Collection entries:
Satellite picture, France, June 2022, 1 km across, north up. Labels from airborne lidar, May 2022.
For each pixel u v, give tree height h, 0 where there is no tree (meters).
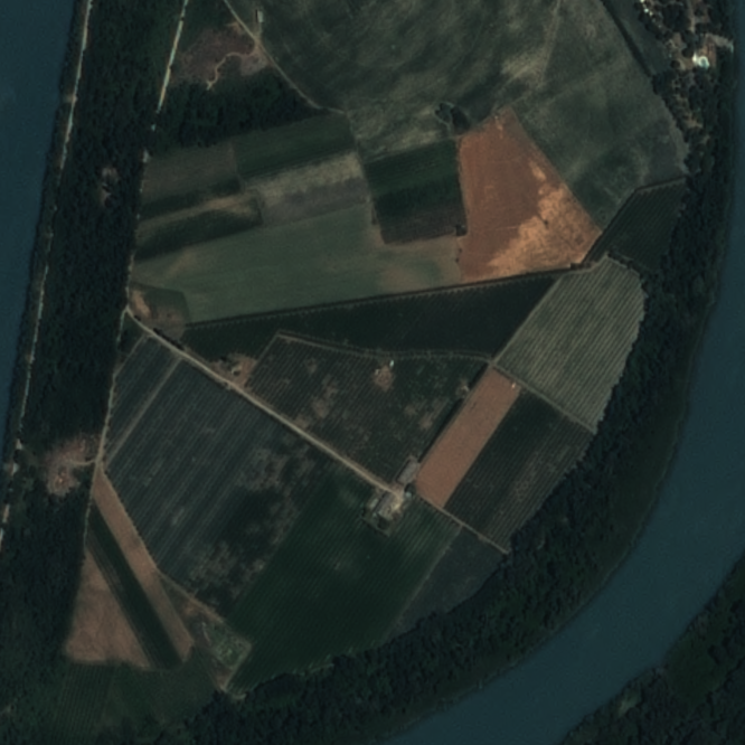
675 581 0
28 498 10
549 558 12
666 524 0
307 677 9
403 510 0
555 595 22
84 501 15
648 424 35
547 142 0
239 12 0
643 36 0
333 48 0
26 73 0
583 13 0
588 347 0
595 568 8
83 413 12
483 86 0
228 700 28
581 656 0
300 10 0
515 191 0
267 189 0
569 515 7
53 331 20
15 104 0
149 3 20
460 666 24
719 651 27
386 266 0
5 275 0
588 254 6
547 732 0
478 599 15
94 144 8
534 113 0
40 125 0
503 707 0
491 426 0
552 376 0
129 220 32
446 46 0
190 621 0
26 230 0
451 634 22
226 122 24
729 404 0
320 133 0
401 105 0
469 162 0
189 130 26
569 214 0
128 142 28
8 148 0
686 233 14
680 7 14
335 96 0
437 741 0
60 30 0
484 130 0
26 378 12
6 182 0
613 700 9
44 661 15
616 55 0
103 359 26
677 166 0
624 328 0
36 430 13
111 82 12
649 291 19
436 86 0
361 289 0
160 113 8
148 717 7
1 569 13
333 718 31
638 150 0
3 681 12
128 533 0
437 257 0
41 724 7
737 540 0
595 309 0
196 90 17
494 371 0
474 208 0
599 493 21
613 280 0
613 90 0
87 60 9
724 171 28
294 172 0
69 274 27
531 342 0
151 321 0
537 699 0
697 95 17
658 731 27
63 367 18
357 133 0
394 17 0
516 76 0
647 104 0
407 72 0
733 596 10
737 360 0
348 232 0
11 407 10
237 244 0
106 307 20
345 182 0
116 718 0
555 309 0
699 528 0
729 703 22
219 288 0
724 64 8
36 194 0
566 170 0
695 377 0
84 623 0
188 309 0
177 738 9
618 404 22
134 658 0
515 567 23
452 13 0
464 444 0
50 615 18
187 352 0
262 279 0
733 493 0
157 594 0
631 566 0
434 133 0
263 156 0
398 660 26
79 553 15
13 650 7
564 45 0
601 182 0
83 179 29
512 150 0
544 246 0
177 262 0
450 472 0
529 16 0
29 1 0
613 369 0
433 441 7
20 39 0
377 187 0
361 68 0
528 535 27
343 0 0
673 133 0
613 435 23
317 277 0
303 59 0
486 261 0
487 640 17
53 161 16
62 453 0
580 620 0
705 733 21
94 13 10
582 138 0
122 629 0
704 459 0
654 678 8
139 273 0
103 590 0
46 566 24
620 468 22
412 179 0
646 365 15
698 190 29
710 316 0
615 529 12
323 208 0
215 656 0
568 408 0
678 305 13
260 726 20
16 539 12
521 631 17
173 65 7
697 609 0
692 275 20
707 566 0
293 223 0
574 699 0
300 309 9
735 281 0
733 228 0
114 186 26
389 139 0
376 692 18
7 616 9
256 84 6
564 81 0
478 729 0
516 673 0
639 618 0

● **ABOUT THIS EXERCISE**:
Exact copy, no pictures: reproduce every record as it stands.

● **SOLUTION**:
Satellite picture, France, June 2022, 1 km across, north up. Labels from airborne lidar, May 2022.
For each pixel u v, give tree height h, 0 where there is no tree (meters).
675 581 0
28 498 10
549 558 12
666 524 0
307 677 9
403 510 0
555 595 22
84 501 15
648 424 35
547 142 0
239 12 0
643 36 0
333 48 0
26 73 0
583 13 0
588 347 0
595 568 8
83 413 12
483 86 0
228 700 28
581 656 0
300 10 0
515 191 0
267 189 0
569 515 7
53 331 20
15 104 0
149 3 20
460 666 24
719 651 27
386 266 0
5 275 0
588 254 6
547 732 0
478 599 15
94 144 8
534 113 0
40 125 0
503 707 0
491 426 0
552 376 0
129 220 32
446 46 0
190 621 0
26 230 0
451 634 22
226 122 24
729 404 0
320 133 0
401 105 0
469 162 0
189 130 26
569 214 0
128 142 28
8 148 0
686 233 14
680 7 14
335 96 0
437 741 0
60 30 0
484 130 0
26 378 12
6 182 0
613 700 9
44 661 15
616 55 0
103 359 26
677 166 0
624 328 0
36 430 13
111 82 12
649 291 19
436 86 0
361 289 0
160 113 8
148 717 7
1 569 13
333 718 31
638 150 0
3 681 12
128 533 0
437 257 0
41 724 7
737 540 0
595 309 0
196 90 17
494 371 0
474 208 0
599 493 21
613 280 0
613 90 0
87 60 9
724 171 28
294 172 0
69 274 27
531 342 0
151 321 0
537 699 0
697 95 17
658 731 27
63 367 18
357 133 0
394 17 0
516 76 0
647 104 0
407 72 0
733 596 10
737 360 0
348 232 0
11 407 10
237 244 0
106 307 20
345 182 0
116 718 0
555 309 0
699 528 0
729 703 22
219 288 0
724 64 8
36 194 0
566 170 0
695 377 0
84 623 0
188 309 0
177 738 9
618 404 22
134 658 0
515 567 23
452 13 0
464 444 0
50 615 18
187 352 0
262 279 0
733 493 0
157 594 0
631 566 0
434 133 0
263 156 0
398 660 26
79 553 15
13 650 7
564 45 0
601 182 0
83 179 29
512 150 0
544 246 0
177 262 0
450 472 0
529 16 0
29 1 0
613 369 0
433 441 7
20 39 0
377 187 0
361 68 0
528 535 27
343 0 0
673 133 0
613 435 23
317 277 0
303 59 0
486 261 0
487 640 17
53 161 16
62 453 0
580 620 0
705 733 21
94 13 10
582 138 0
122 629 0
704 459 0
654 678 8
139 273 0
103 590 0
46 566 24
620 468 22
412 179 0
646 365 15
698 190 29
710 316 0
615 529 12
323 208 0
215 656 0
568 408 0
678 305 13
260 726 20
16 539 12
521 631 17
173 65 7
697 609 0
692 275 20
707 566 0
293 223 0
574 699 0
300 309 9
735 281 0
733 228 0
114 186 26
389 139 0
376 692 18
7 616 9
256 84 6
564 81 0
478 729 0
516 673 0
639 618 0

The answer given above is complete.